Rental property losses can get carried forward to the future.

Creatas/Creatas/Getty Images

Rental property income gets reported on line 17 of your 1040 tax return as taxable income. If you make $10,000 on your rental activities, the Internal Revenue Service requires you to pay your marginal income tax rate on it. If you lose money on a rental, though, your ability to take that loss to offset other gains is more limited, based on the IRS' treatment of it as passive income.

Multiple Properties

When you own multiple properties, the IRS has you combine their individual profits and losses into a total income or loss from your rental property activities. Since you combine the properties, you can use a loss from one to offset another, thereby reducing your total taxable income. For example, if you make $18,000 on one rental property, but lose $6,000 on another, you'd end up with a total profit of $12,000, which would be part of your taxable income.

Real Estate Professionals

When you're a real estate professional, your rental income and losses get treated as a part of your real estate enterprise, all of which is classed as active income. In this instance, your rental losses can be applied to reduce your taxable income on a dollar-for-dollar basis. You need to pass three tests to be considered a real estate professional by the IRS, though. You need to spend at least half of your productive time in the practice of real estate. The time you spend doing real estate must be at least 750 hours per year. Finally, you can't be an employee anywhere other than at a real estate-related company of which you own 5 percent or more.

Passive Activity Losses

If you aren't a real estate professional, you can write off up to $25,000 of your rental property losses, called passive activity losses by the IRS, against other income. To qualify for this write-off, you need to be actively involved in running your rental properties, although you can have a third-party manager helping you. You also need to have an Adjusted Gross Income that is $100,000 or less. Your ability to claim the passive activity loss deduction starts going down by $1 for every $2 of income that you have over the $100,000 threshold. If your AGI is $150,000 or more, you won't be able to claim any losses.

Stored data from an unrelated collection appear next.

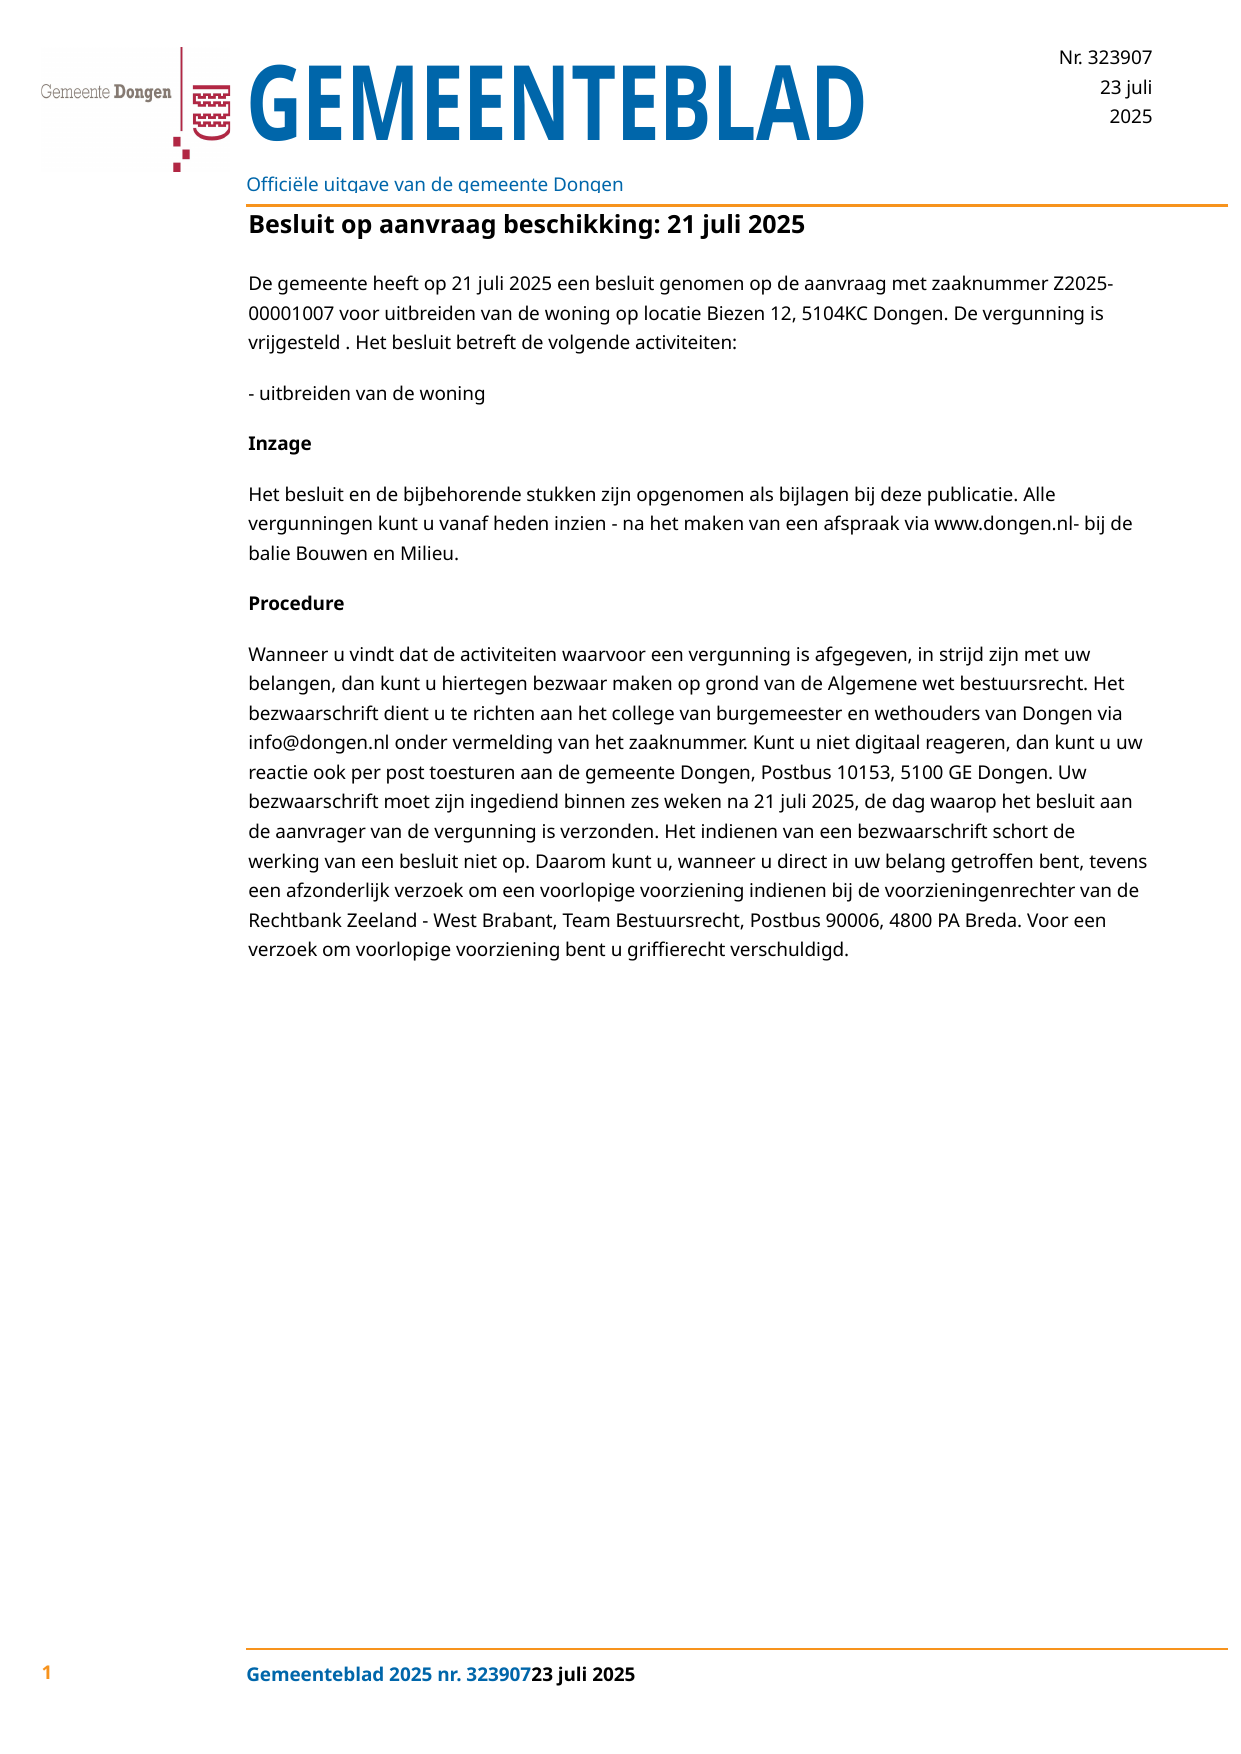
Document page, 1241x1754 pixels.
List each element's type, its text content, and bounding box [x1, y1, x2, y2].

text Het besluit en de bijbehorende stukken zijn opgenomen als bijlagen bij deze publicatie. Alle vergunningen kunt u vanaf heden inzien - na het maken van een afspraak via www.dongen.nl- bij de balie Bouwen en Milieu. [248, 481, 1152, 566]
text Besluit op aanvraag beschikking: 21 juli 2025 [248, 207, 1152, 241]
text Procedure [248, 590, 1152, 616]
text Inzage [248, 430, 1152, 456]
text De gemeente heeft op 21 juli 2025 een besluit genomen op de aanvraag met zaaknummer Z2025-00001007 voor uitbreiden van de woning op locatie Biezen 12, 5104KC Dongen. De vergunning is vrijgesteld . Het besluit betreft de volgende activiteiten: [248, 270, 1152, 355]
text - uitbreiden van de woning [248, 380, 1152, 406]
picture [41, 47, 231, 172]
text Wanneer u vindt dat de activiteiten waarvoor een vergunning is afgegeven, in strijd zijn met uw belangen, dan kunt u hiertegen bezwaar maken op grond van de Algemene wet bestuursrecht. Het bezwaarschrift dient u te richten aan het college van burgemeester en wethouders van Dongen via info@dongen.nl onder vermelding van het zaaknummer. Kunt u niet digitaal reageren, dan kunt u uw reactie ook per post toesturen aan de gemeente Dongen, Postbus 10153, 5100 GE Dongen. Uw bezwaarschrift moet zijn ingediend binnen zes weken na 21 juli 2025, de dag waarop het besluit aan de aanvrager van de vergunning is verzonden. Het indienen van een bezwaarschrift schort de werking van een besluit niet op. Daarom kunt u, wanneer u direct in uw belang getroffen bent, tevens een afzonderlijk verzoek om een voorlopige voorziening indienen bij de voorzieningenrechter van de Rechtbank Zeeland - West Brabant, Team Bestuursrecht, Postbus 90006, 4800 PA Breda. Voor een verzoek om voorlopige voorziening bent u griffierecht verschuldigd. [248, 641, 1152, 962]
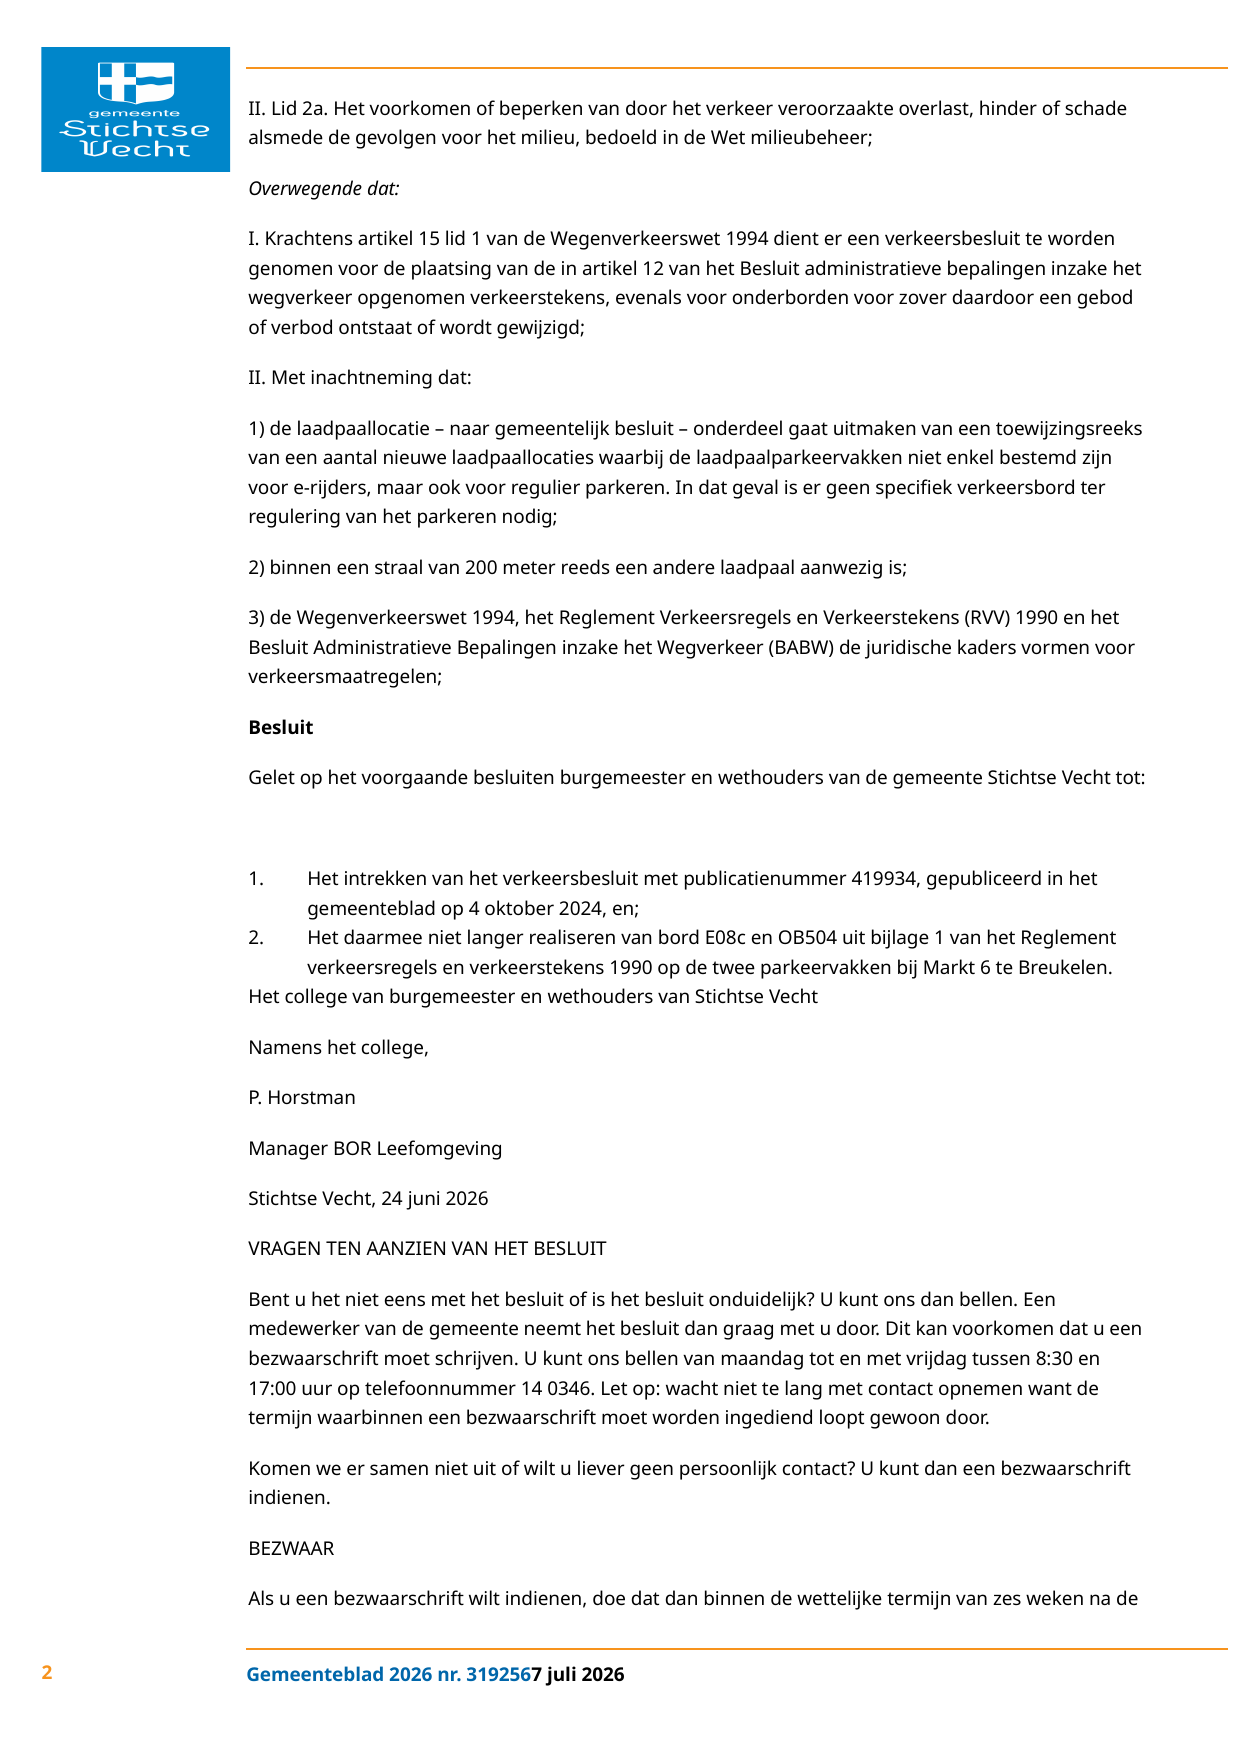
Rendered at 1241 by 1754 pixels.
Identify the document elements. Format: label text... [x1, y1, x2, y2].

text P. Horstman [248, 1084, 1152, 1110]
text Als u een bezwaarschrift wilt indienen, doe dat dan binnen de wettelijke termijn van zes weken na de [248, 1585, 1152, 1611]
text Overwegende dat: [248, 175, 1152, 201]
picture [137, 63, 174, 103]
list Het intrekken van het verkeersbesluit met publicatienummer 419934, gepubliceerd in het gemeenteblad op 4 oktober 2024, en; [248, 865, 1152, 921]
text 1) de laadpaallocatie – naar gemeentelijk besluit – onderdeel gaat uitmaken van een toewijzingsreeks van een aantal nieuwe laadpaallocaties waarbij de laadpaalparkeervakken niet enkel bestemd zijn voor e-rijders, maar ook voor regulier parkeren. In dat geval is er geen specifiek verkeersbord ter regulering van het parkeren nodig; [248, 415, 1152, 529]
text VRAGEN TEN AANZIEN VAN HET BESLUIT [248, 1236, 1152, 1261]
text 2) binnen een straal van 200 meter reeds een andere laadpaal aanwezig is; [248, 554, 1152, 580]
text I. Krachtens artikel 15 lid 1 van de Wegenverkeerswet 1994 dient er een verkeersbesluit te worden genomen voor de plaatsing van de in artikel 12 van het Besluit administratieve bepalingen inzake het wegverkeer opgenomen verkeerstekens, evenals voor onderborden voor zover daardoor een gebod of verbod ontstaat of wordt gewijzigd; [248, 225, 1152, 340]
text 3) de Wegenverkeerswet 1994, het Reglement Verkeersregels en Verkeerstekens (RVV) 1990 en het Besluit Administratieve Bepalingen inzake het Wegverkeer (BABW) de juridische kaders vormen voor verkeersmaatregelen; [248, 604, 1152, 689]
text Het college van burgemeester en wethouders van Stichtse Vecht [248, 983, 1152, 1009]
text II. Lid 2a. Het voorkomen of beperken van door het verkeer veroorzaakte overlast, hinder of schade alsmede de gevolgen voor het milieu, bedoeld in de Wet milieubeheer; [248, 95, 1152, 150]
text Stichtse Vecht, 24 juni 2026 [248, 1185, 1152, 1211]
picture [99, 63, 135, 101]
list Het daarmee niet langer realiseren van bord E08c en OB504 uit bijlage 1 van het Reglement verkeersregels en verkeerstekens 1990 op de twee parkeervakken bij Markt 6 te Breukelen. [248, 924, 1152, 980]
text Gelet op het voorgaande besluiten burgemeester en wethouders van de gemeente Stichtse Vecht tot: [248, 764, 1152, 790]
text Bent u het niet eens met het besluit of is het besluit onduidelijk? U kunt ons dan bellen. Een medewerker van de gemeente neemt het besluit dan graag met u door. Dit kan voorkomen dat u een bezwaarschrift moet schrijven. U kunt ons bellen van maandag tot en met vrijdag tussen 8:30 en 17:00 uur op telefoonnummer 14 0346. Let op: wacht niet te lang met contact opnemen want de termijn waarbinnen een bezwaarschrift moet worden ingediend loopt gewoon door. [248, 1286, 1152, 1430]
text BEZWAAR [248, 1535, 1152, 1561]
text Namens het college, [248, 1034, 1152, 1060]
text Manager BOR Leefomgeving [248, 1135, 1152, 1161]
text II. Met inachtneming dat: [248, 364, 1152, 390]
text Komen we er samen niet uit of wilt u liever geen persoonlijk contact? U kunt dan een bezwaarschrift indienen. [248, 1455, 1152, 1510]
text Besluit [248, 714, 1152, 740]
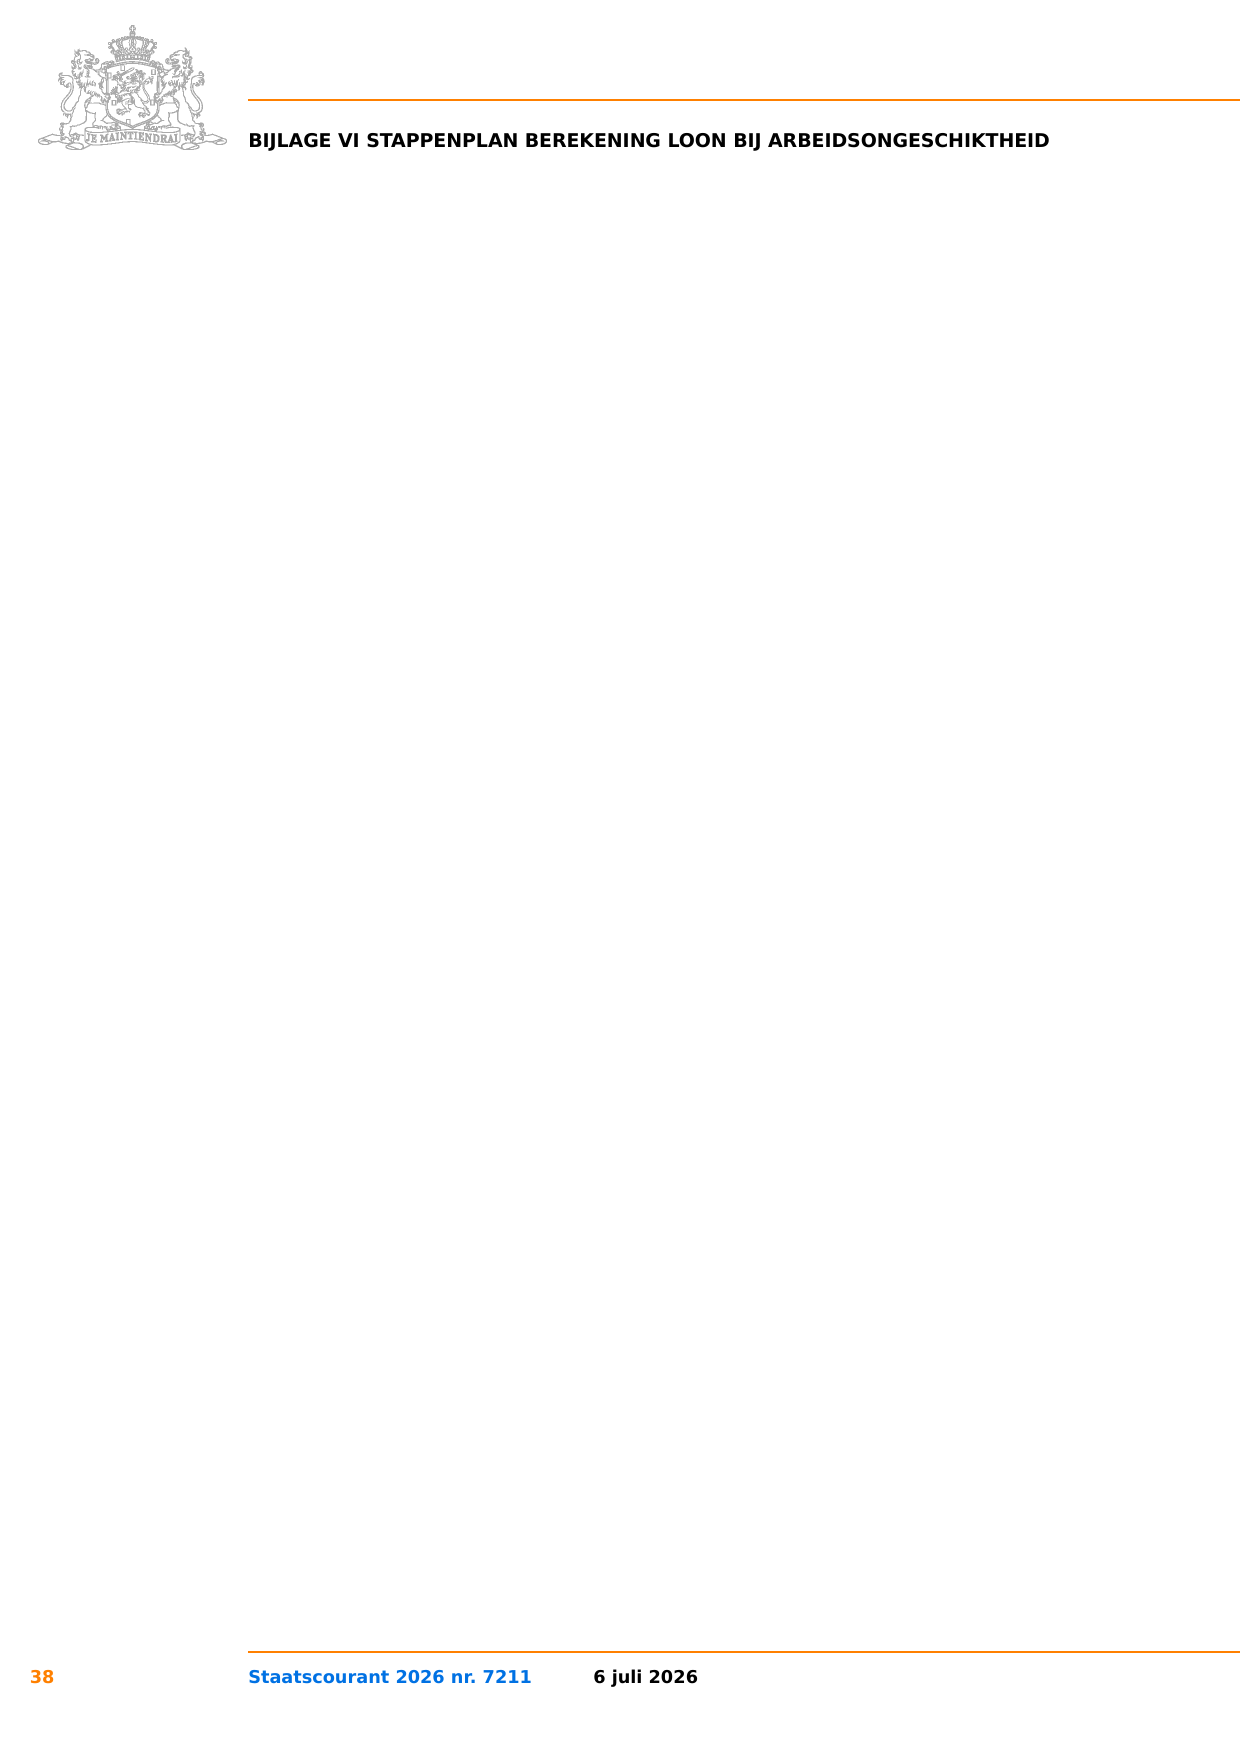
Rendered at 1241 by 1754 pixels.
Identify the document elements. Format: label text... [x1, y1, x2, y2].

subtitle BIJLAGE VI STAPPENPLAN BEREKENING LOON BIJ ARBEIDSONGESCHIKTHEID [248, 130, 1163, 152]
picture [38, 25, 227, 150]

Any rental property losses that you have left after your passive activity loss deduction, if any, don't go away. You get to save them up for use in a future year. The IRS lets you carryforward any passive activity losses to offset other passive income. For example, if you have $5,000 in unused losses this year and a $9,000 profit next year, you'll be able to use the losses to turn the $9,000 profit into a $4,000 taxable profit. You can even deduct this year's losses in the future if your income goes down so that you're eligible to claim them.

Video of the Day

Photo Credits

  • Creatas/Creatas/Getty Images

About the Author

Steve Lander has been a writer since 1996, with experience in the fields of financial services, real estate and technology. His work has appeared in trade publications such as the "Minnesota Real Estate Journal" and "Minnesota Multi-Housing Association Advocate." Lander holds a Bachelor of Arts in political science from Columbia University.

Zacks Investment Research

is an A+ Rated BBB

Accredited Business.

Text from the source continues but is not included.